Brussels puts out English mayday
The British are so bad at foreign languages that the European commission has had to recruit linguists from Spain and Greece to translate documents into English.
Internal commission memos show the standard of Britons who apply to be European Union translators is so dismal that Brussels is taking emergency steps to fill the linguistic gap, including posting recruitment ads on YouTube, the video-sharing website.
While other countries have pass rates regularly nearing 100% of those who take EU translation tests, as few as 20% of British applicants pass.
Brussels rules state that translators into English should have the language as their mother tongue.

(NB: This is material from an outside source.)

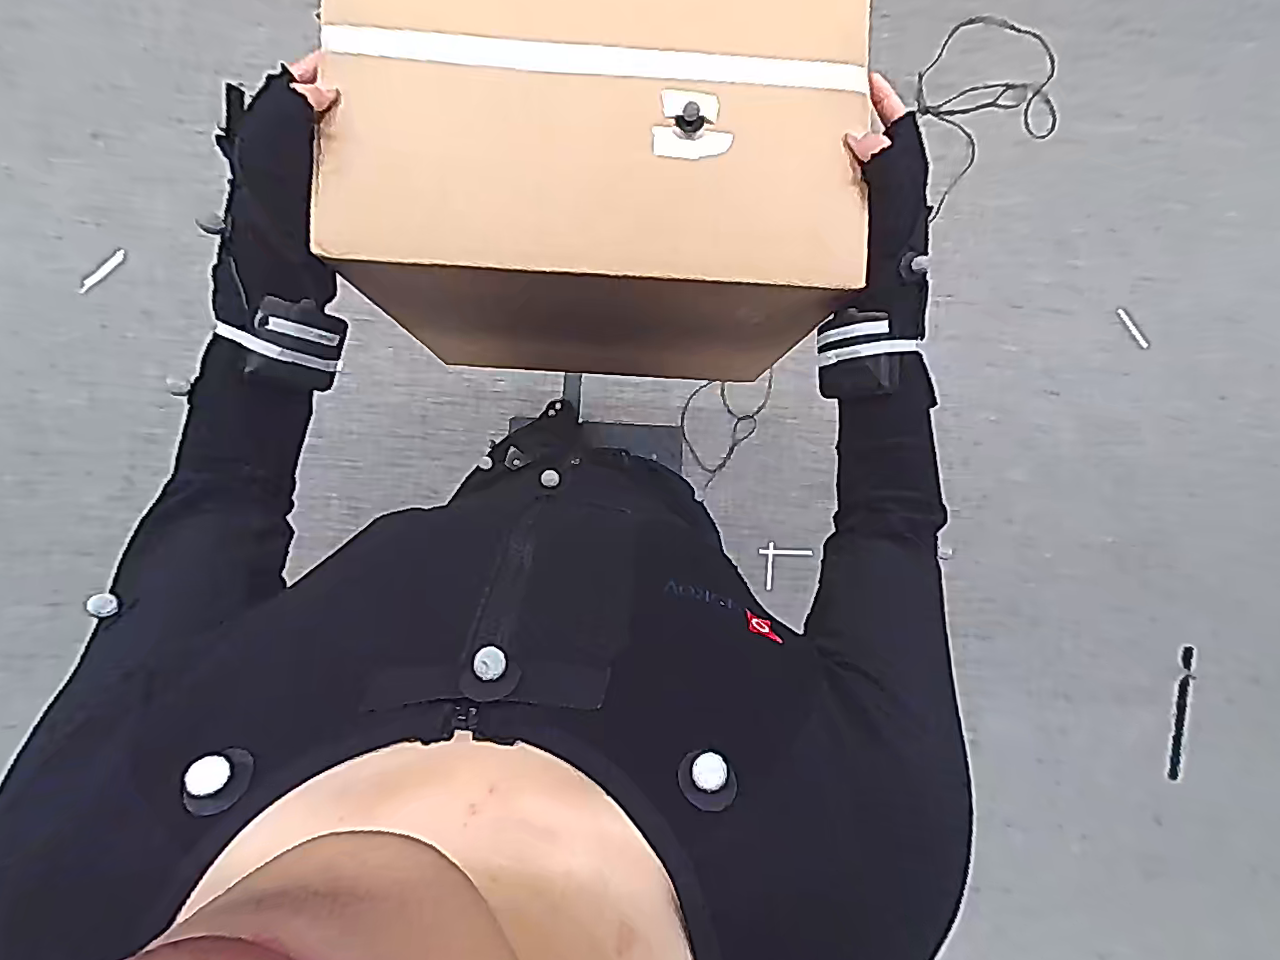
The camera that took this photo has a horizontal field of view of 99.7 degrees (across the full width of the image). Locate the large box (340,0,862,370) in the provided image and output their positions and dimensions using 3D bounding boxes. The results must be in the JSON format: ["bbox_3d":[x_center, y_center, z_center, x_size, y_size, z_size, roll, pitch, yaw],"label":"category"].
[{"bbox_3d":[-0.032,-0.309,0.568,0.408,0.320,0.320,2,88,-3],"label":"large box"}]

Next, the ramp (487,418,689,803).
[{"bbox_3d":[-0.128,0.326,1.463,0.509,0.206,0.991,1,91,0],"label":"ramp"}]

British standards are so poor, though, that the EU has taken emergency measures.
Potential recruits are being given remedial coaching to bring their abilities up to standard, while a Eurocrat has been dispatched to scour Britain full-time for anyone who can speak foreign languages well, and to encourage schoolchildren to study them.
The gap has led to countries such as Spain and Greece setting up special units to translate into English, and other countries such as Poland are expected to follow suit.

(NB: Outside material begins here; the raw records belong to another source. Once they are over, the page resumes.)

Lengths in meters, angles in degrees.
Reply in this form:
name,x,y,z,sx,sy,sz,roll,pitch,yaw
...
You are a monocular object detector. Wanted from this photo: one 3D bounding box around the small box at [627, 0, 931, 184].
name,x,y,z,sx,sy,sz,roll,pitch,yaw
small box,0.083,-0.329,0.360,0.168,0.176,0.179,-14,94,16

A memo to a director in the the European commission’s English translation department warns that the forthcoming recruitment competition, which should produce 70 new translators, is expected to yield only 17. It reads: “We do not really expect the targets will be met fully.”
British schoolchildren’s interest in foreign languages has long been waning. Brussels insiders say the government’s 2004 decision to let children drop GCSE languages worsens matters.
Marco Benedetti, director general of interpretation at the commission, said: “The shortage of English translators and interpreters is becoming acute in all international organisations.”
The Department for Children, Schools and Families said an increasing number of primary schoolchildren are studying languages.